# WORK TASK:
All records are to be restated word for word, with pictures excluded.

# RECORDS TO PROCESS:
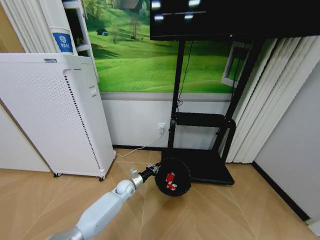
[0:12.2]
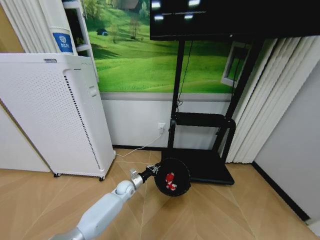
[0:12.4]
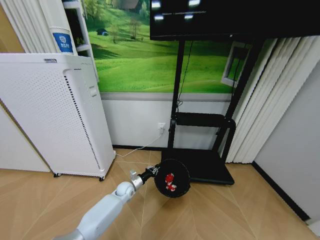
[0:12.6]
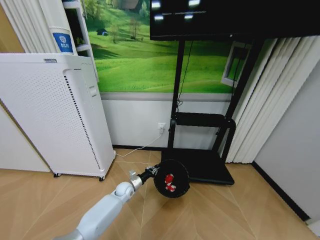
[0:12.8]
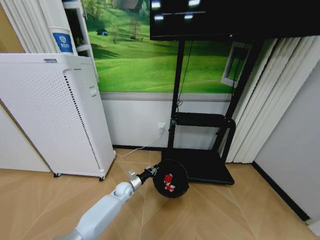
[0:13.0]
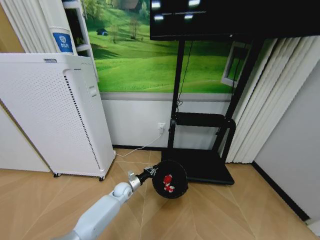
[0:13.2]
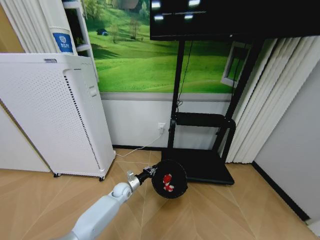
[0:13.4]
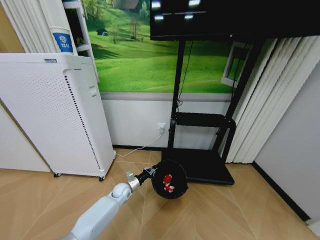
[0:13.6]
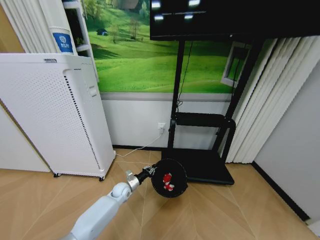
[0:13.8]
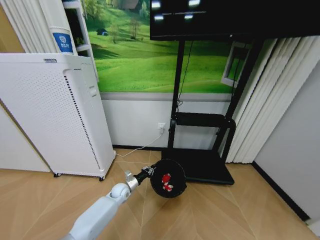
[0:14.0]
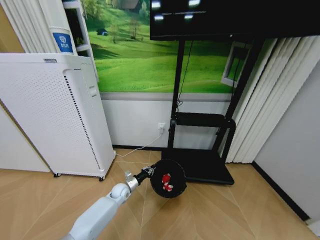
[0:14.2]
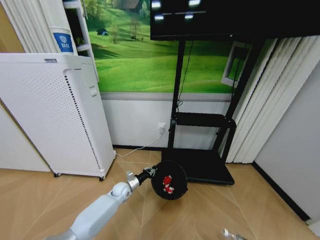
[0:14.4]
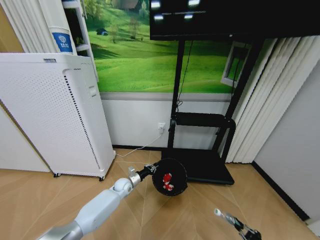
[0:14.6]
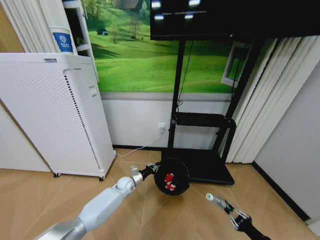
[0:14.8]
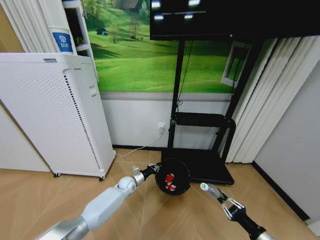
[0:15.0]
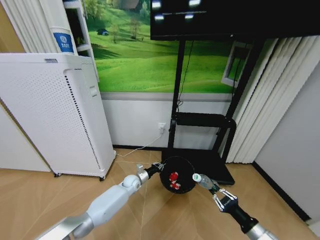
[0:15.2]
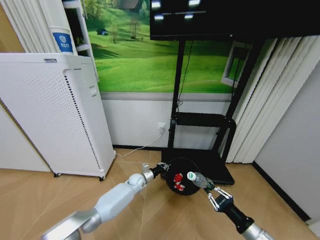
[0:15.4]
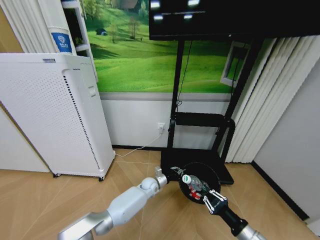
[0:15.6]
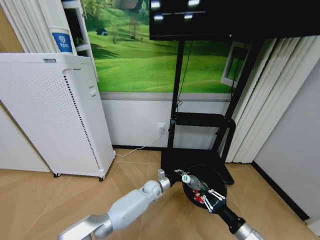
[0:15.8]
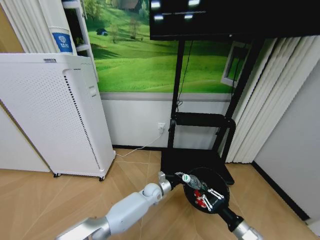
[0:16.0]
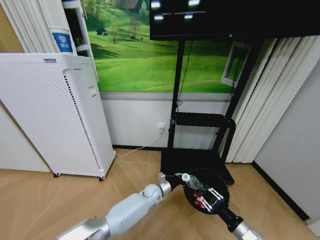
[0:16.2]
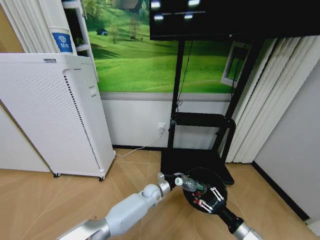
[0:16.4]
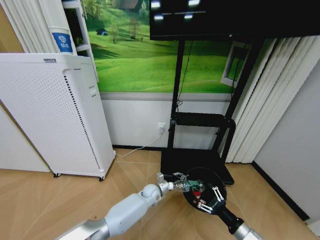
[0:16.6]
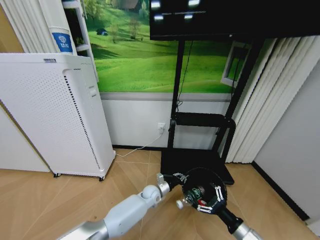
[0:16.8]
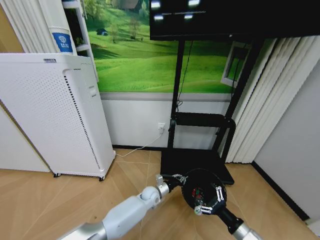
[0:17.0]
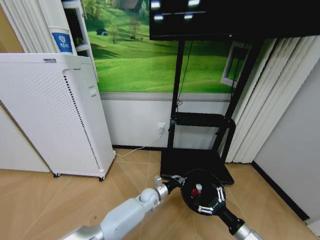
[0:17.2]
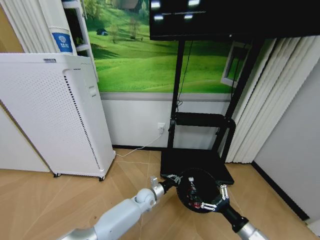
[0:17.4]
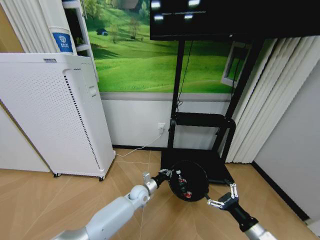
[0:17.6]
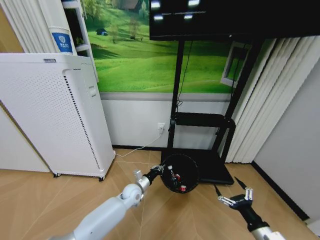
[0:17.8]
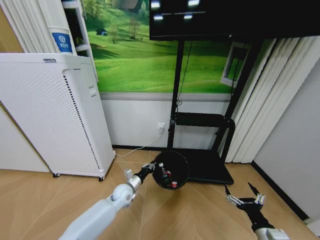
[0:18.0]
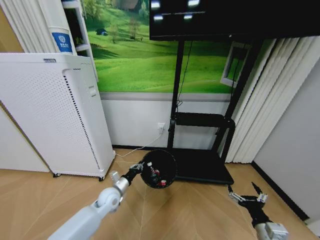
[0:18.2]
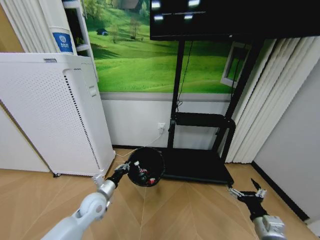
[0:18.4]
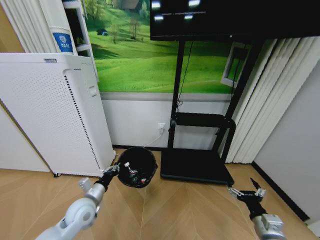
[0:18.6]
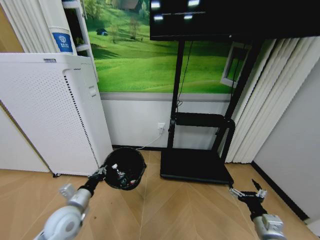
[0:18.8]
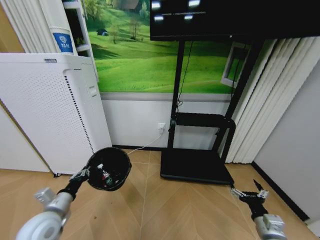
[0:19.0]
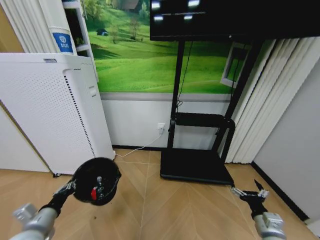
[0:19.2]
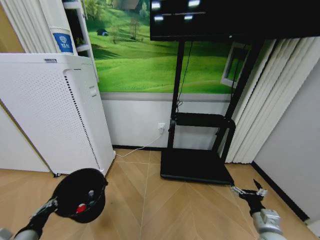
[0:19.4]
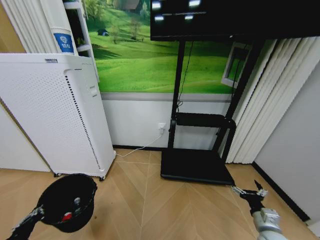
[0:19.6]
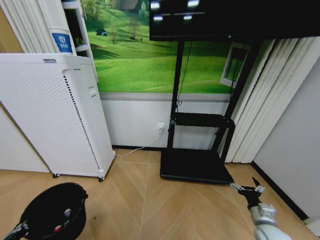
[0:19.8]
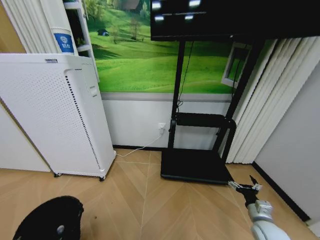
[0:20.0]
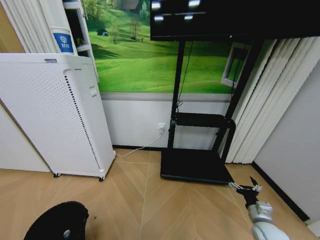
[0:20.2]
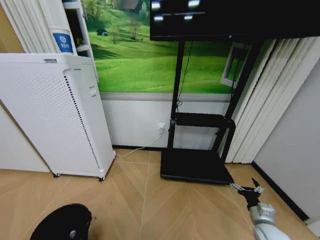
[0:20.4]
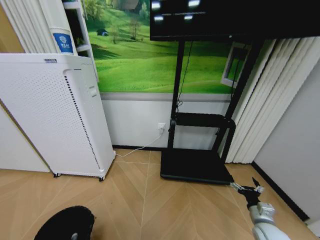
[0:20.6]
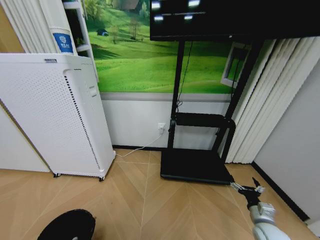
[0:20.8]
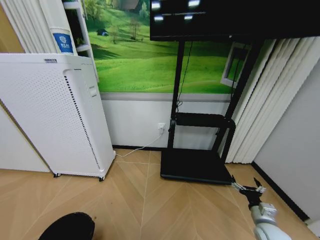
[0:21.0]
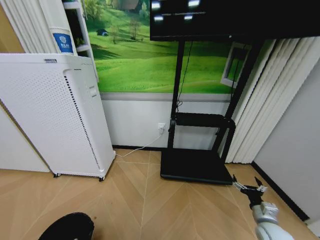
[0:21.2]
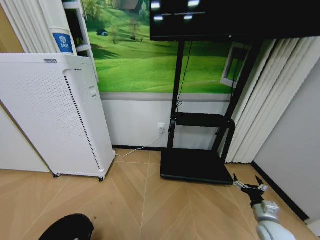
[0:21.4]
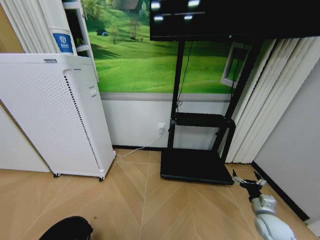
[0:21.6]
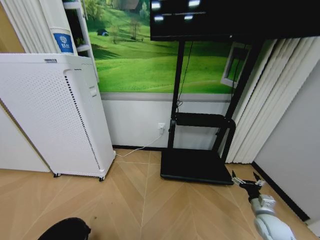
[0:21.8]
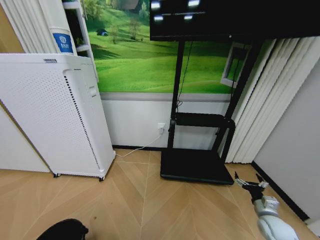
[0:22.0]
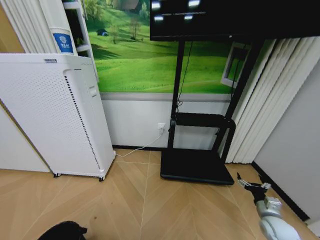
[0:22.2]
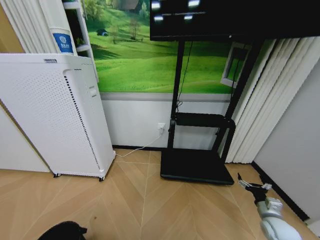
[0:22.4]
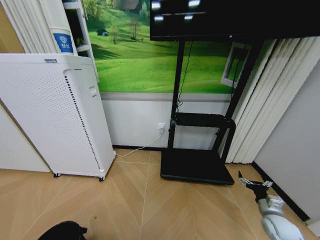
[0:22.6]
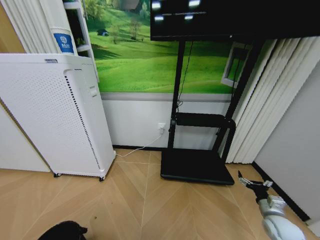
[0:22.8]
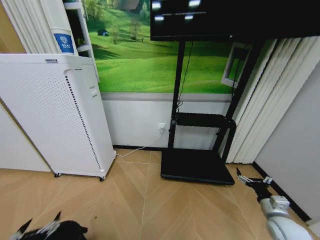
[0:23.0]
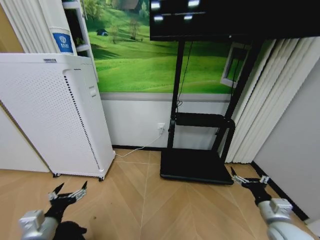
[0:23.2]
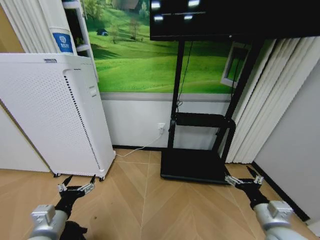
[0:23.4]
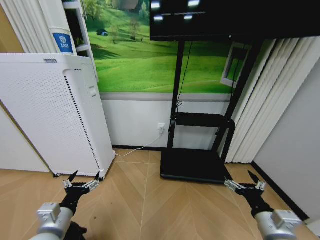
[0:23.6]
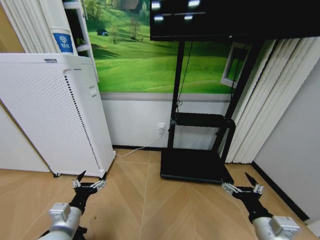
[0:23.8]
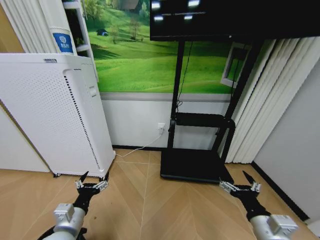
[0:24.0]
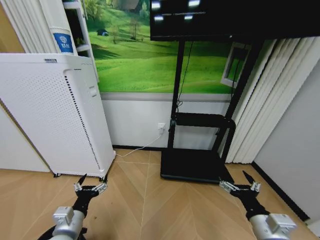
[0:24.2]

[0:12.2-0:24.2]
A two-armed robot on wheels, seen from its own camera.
Task of the whole recording: Pick up the trash bin and place the garbage on the floor into it.
0:12.2 to 0:13.8: The right gripper closes up.
0:13.8 to 0:15.2: The right gripper goes approximately 30 cm upward, to the left and forward, while the left gripper heads to the right, covering about 5 cm.
0:15.2 to 0:16.6: The right gripper opens up, while the left gripper shifts approximately 15 cm to the right and backward.
0:16.6 to 0:18.2: The left gripper moves to the left, roughly 20 cm.
0:18.2 to 0:19.8: The left gripper shifts some 35 cm backward and to the left, while the right gripper heads forward and to the right, covering approximately 10 cm.
0:19.8 to 0:21.2: The left gripper moves downward, approximately 10 cm.
0:21.2 to 0:22.6: The left gripper opens.
0:22.6 to 0:24.2: The left gripper moves forward, to the right and upward, approximately 25 cm; the right gripper travels to the left, upward and backward by some 25 cm.

# TASK RESPONSE:
[0:12.2]
[0:12.4]
[0:12.6]
[0:12.8]
[0:13.0]
[0:13.2]
[0:13.4]
[0:13.6]
[0:13.8]
[0:14.0]
[0:14.2]
[0:14.4]
[0:14.6]
[0:14.8]
[0:15.0]
[0:15.2]
[0:15.4]
[0:15.6]
[0:15.8]
[0:16.0]
[0:16.2]
[0:16.4]
[0:16.6]
[0:16.8]
[0:17.0]
[0:17.2]
[0:17.4]
[0:17.6]
[0:17.8]
[0:18.0]
[0:18.2]
[0:18.4]
[0:18.6]
[0:18.8]
[0:19.0]
[0:19.2]
[0:19.4]
[0:19.6]
[0:19.8]
[0:20.0]
[0:20.2]
[0:20.4]
[0:20.6]
[0:20.8]
[0:21.0]
[0:21.2]
[0:21.4]
[0:21.6]
[0:21.8]
[0:22.0]
[0:22.2]
[0:22.4]
[0:22.6]
[0:22.8]
[0:23.0]
[0:23.2]
[0:23.4]
[0:23.6]
[0:23.8]
[0:24.0]
[0:24.2]

[0:12.2-0:24.2]
A two-armed robot on wheels, seen from its own camera.
Task of the whole recording: Pick up the trash bin and place the garbage on the floor into it.
0:12.2 to 0:13.8: The right gripper closes up.
0:13.8 to 0:15.2: The right gripper goes approximately 30 cm upward, to the left and forward, while the left gripper heads to the right, covering about 5 cm.
0:15.2 to 0:16.6: The right gripper opens up, while the left gripper shifts approximately 15 cm to the right and backward.
0:16.6 to 0:18.2: The left gripper moves to the left, roughly 20 cm.
0:18.2 to 0:19.8: The left gripper shifts some 35 cm backward and to the left, while the right gripper heads forward and to the right, covering approximately 10 cm.
0:19.8 to 0:21.2: The left gripper moves downward, approximately 10 cm.
0:21.2 to 0:22.6: The left gripper opens.
0:22.6 to 0:24.2: The left gripper moves forward, to the right and upward, approximately 25 cm; the right gripper travels to the left, upward and backward by some 25 cm.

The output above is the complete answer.